Lightning strikes in 2011 cost nearly $1 billion in insured losses

Lightning strikes in the U.S. cost nearly $1 billion in insured losses in 2011, according to the Insurance Information Institute (I.I.I.). Protect your home or business during Lightning Safety Awareness Week (June 24-30) using resources offered by the Insurance Institute for Business & Home Safety (IBHS).

An analysis conducted by I.I.I. and State Farm® shows that there were more than 186,000 lightning claims in 2011, with the average claim costing more than $5,000. The report also concludes that the average cost per claim rose 93 percent from 2004-2011, despite the actual number of paid claims falling by more than 33 percent during the same time period.   

“Lightning strikes are one of the major sources of external power surges that can severely damage electronic equipment and cause fires – either of which can be a huge disruption to a family or business,” said Julie Rochman, IBHS president & CEO. “Fortunately, relatively simple, inexpensive steps can be taken to substantially reduce the chances of lightning-related destruction and interruptions.”

A whole-house/building sure protector is the best place to start in reducing your risk of property damage, according to IBHS. Check with your local utility company to see if they provide surge protections systems.
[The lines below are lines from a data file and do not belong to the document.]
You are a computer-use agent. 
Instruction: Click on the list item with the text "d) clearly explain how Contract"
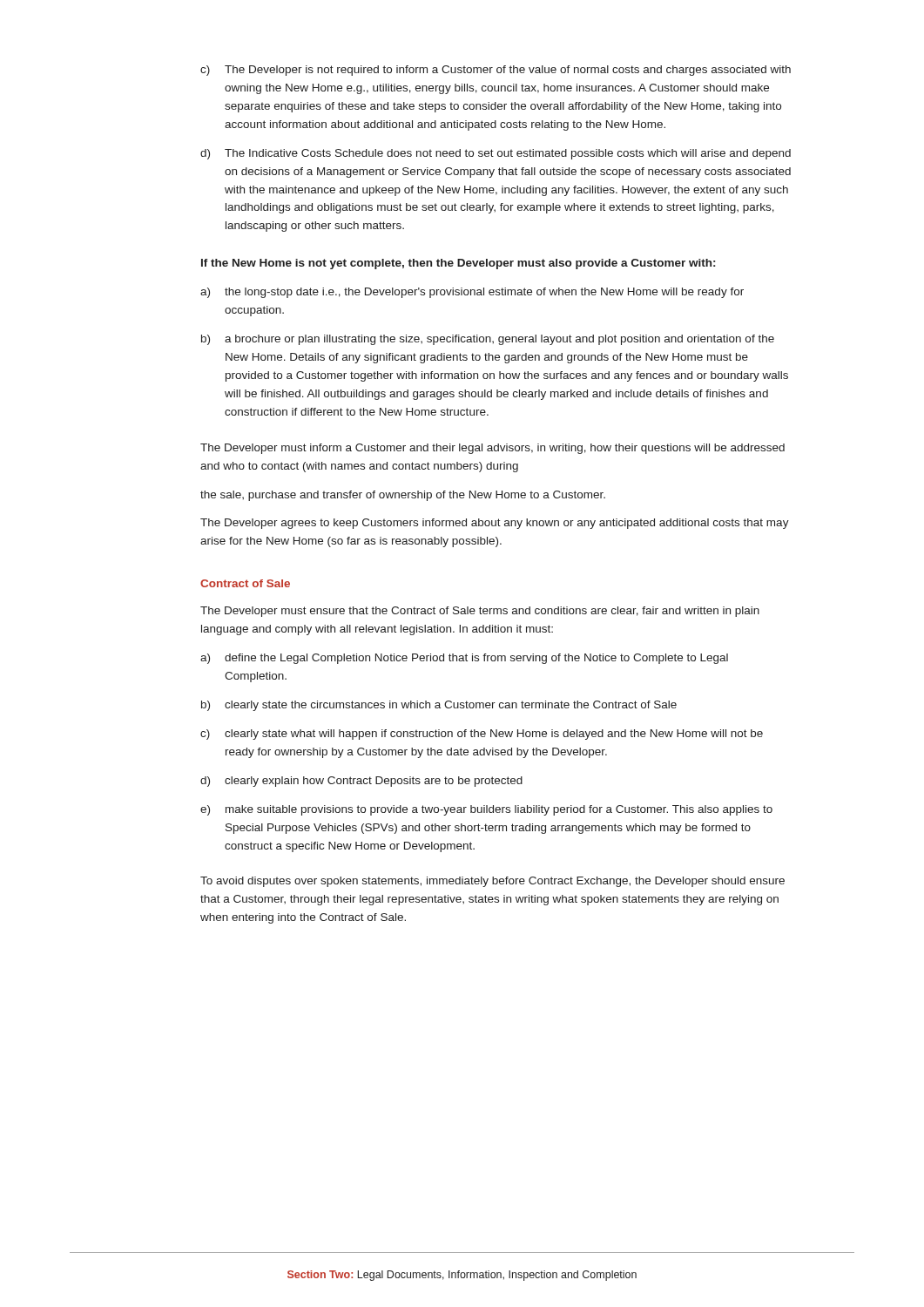pos(496,781)
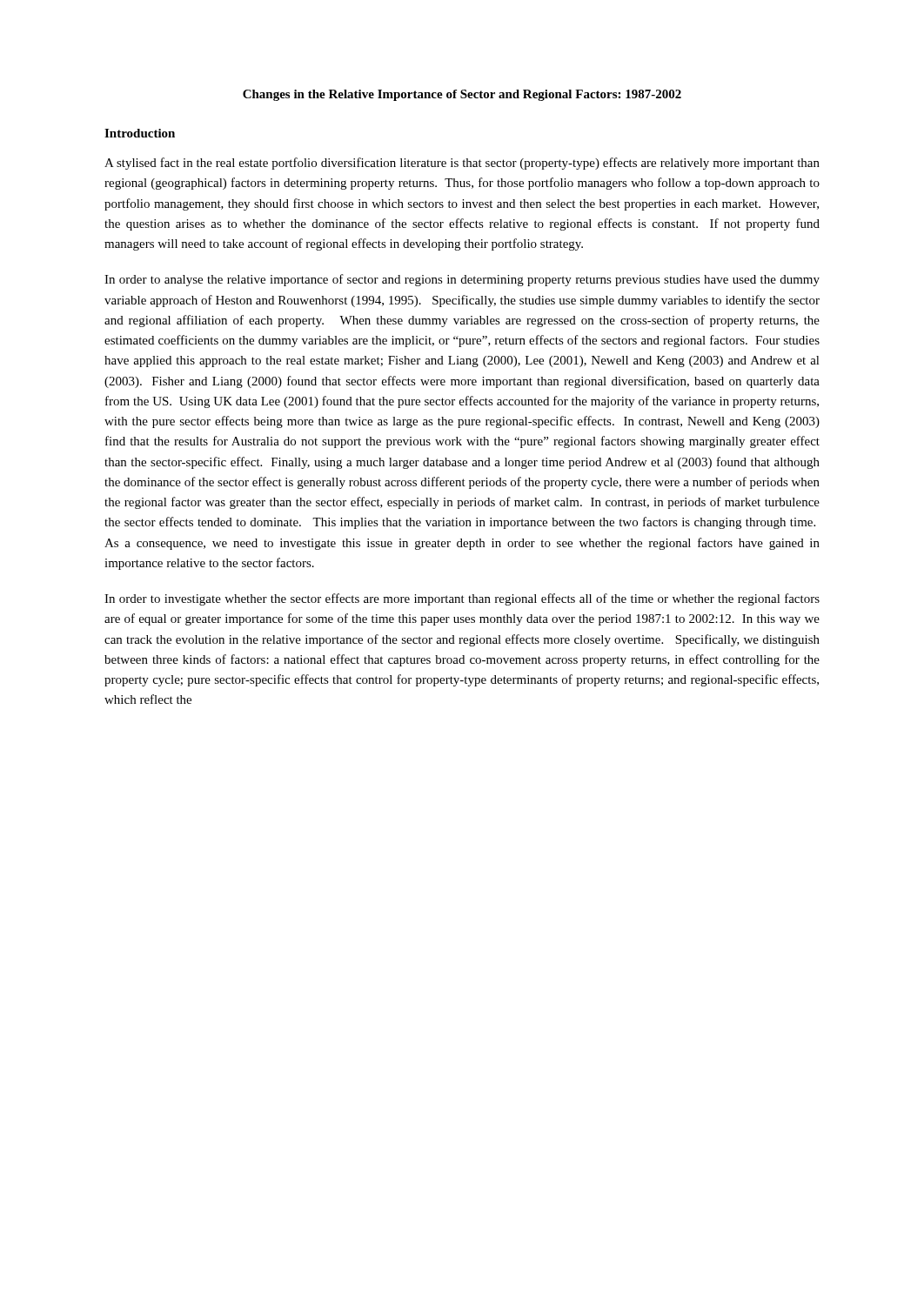Screen dimensions: 1305x924
Task: Click on the region starting "A stylised fact in the real"
Action: point(462,203)
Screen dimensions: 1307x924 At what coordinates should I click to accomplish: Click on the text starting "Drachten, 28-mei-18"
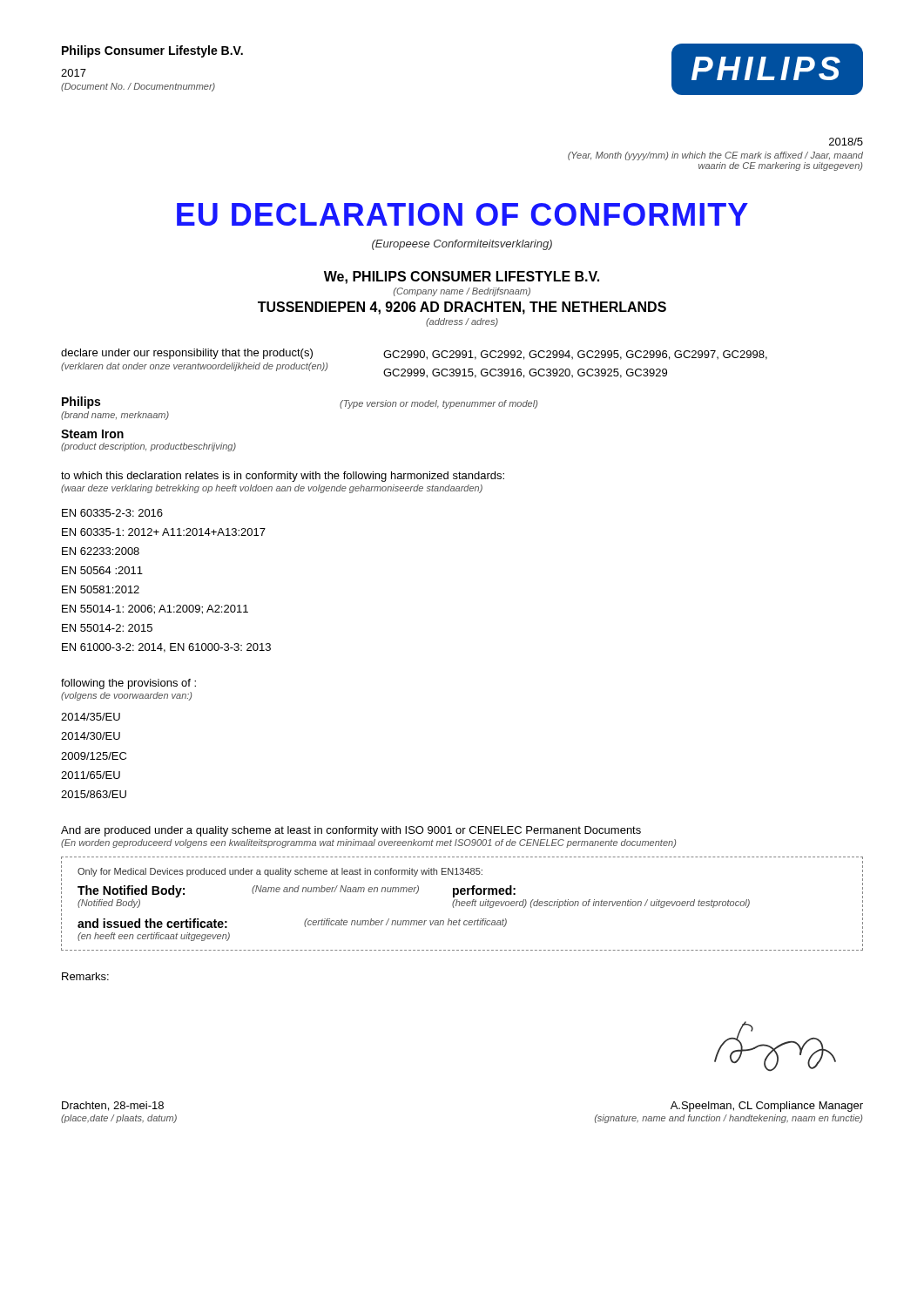(x=113, y=1105)
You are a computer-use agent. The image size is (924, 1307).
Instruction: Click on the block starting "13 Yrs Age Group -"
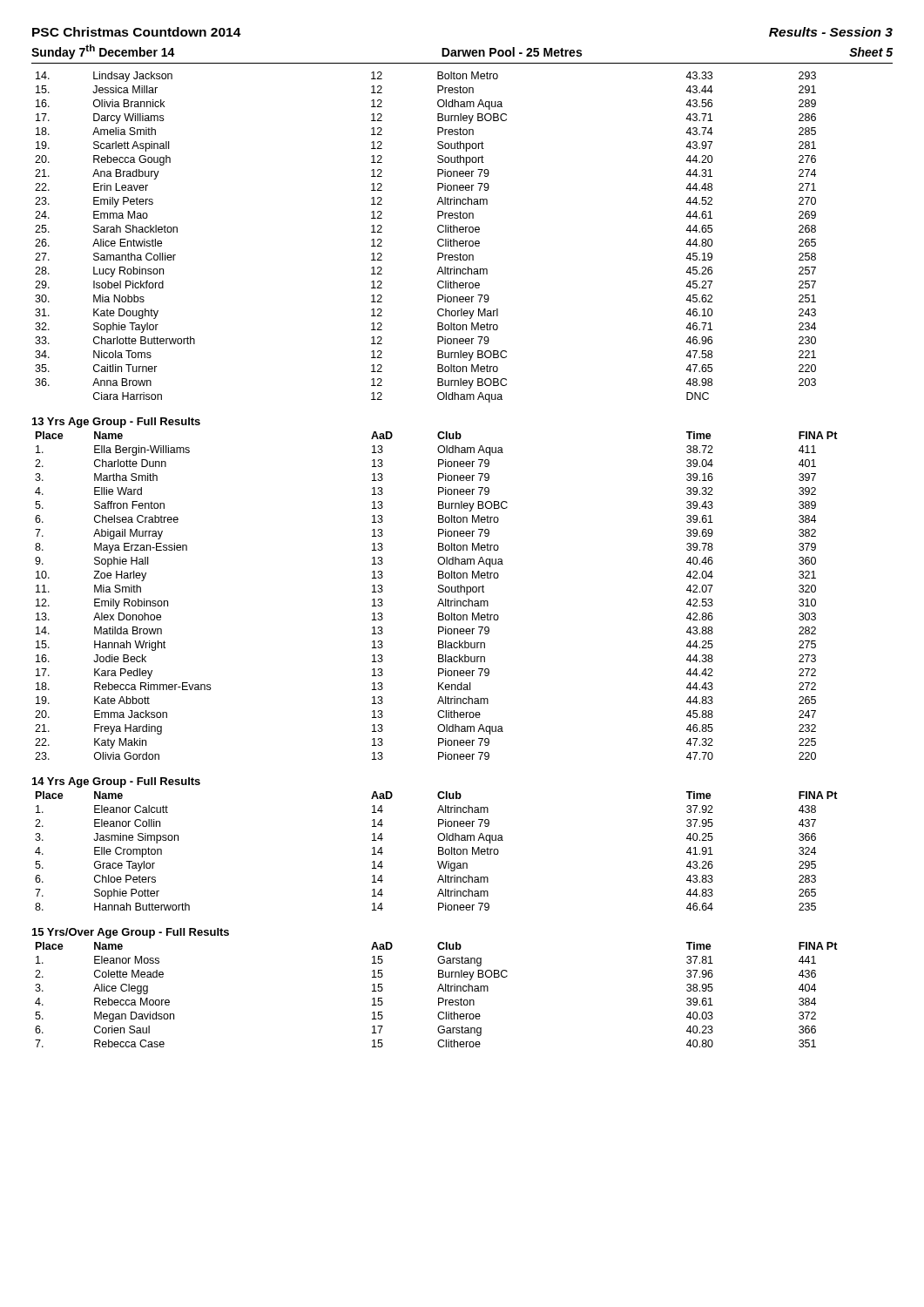(116, 421)

If not, consult a licensed electrician about having one installed. IBHS recommends having the surge protection system installed by a UL listed installer and meet the requirements of NFPA 780 and Lightning Protection Institute (LPI) Standards. 

In additional to whole-building surge protection, IBHS offers the following guidance below. Afterwards, find additional lightning resources available at DisasterSafety.org.

  • Unplug electronic equipment. It is the most reliable means of protecting that equipment from a power surge.

  • Know the important difference between a surge suppressor and a power strip. A power strip plugs into your wall outlet and allows you to plug in multiple electronic devices. However, a power strip does not protect equipment from being damaged by a power spike. A surge protector also gives the user the ability to plug in multiple electronic devices, but it also serves another very important function in that it also protects your electronic devices from a power spike.

  • Connect telephone, cable/satellite TV and network lines to a surge suppressor.

  • Make sure the surge suppressor has an indicator light so you know it is working properly.

  • Ensure the surge suppressor has been tested to UL 1449.

  • Purchase a surge suppressor with a Joule rating of over 1,000. The Joule rating typically ranges from 200 up to several thousand – the higher the number the better.

  • Look for a surge suppressor with a clamping voltage rating (voltage at which the protector will conduct the electricity to ground) between 330 v, which is typical, to 400 v.

  • Purchase a surge suppressor with a response time less than 1 nanosecond.

  • Do not cut corners. You don’t want to protect a $1,000 television or computer system with a $10 surge protector, for $25 and up you can provide much better protection

  • Have a licensed electrician or home/building inspector review the power, telephone, electrical and cable/satellite TV connections to your building. Have them check to make sure that you have adequate grounding of the power line connection and your power distribution panel. All of the utilities should enter the structure within 10 feet of the electrical service entrance ground wire and be bonded to that grounding point.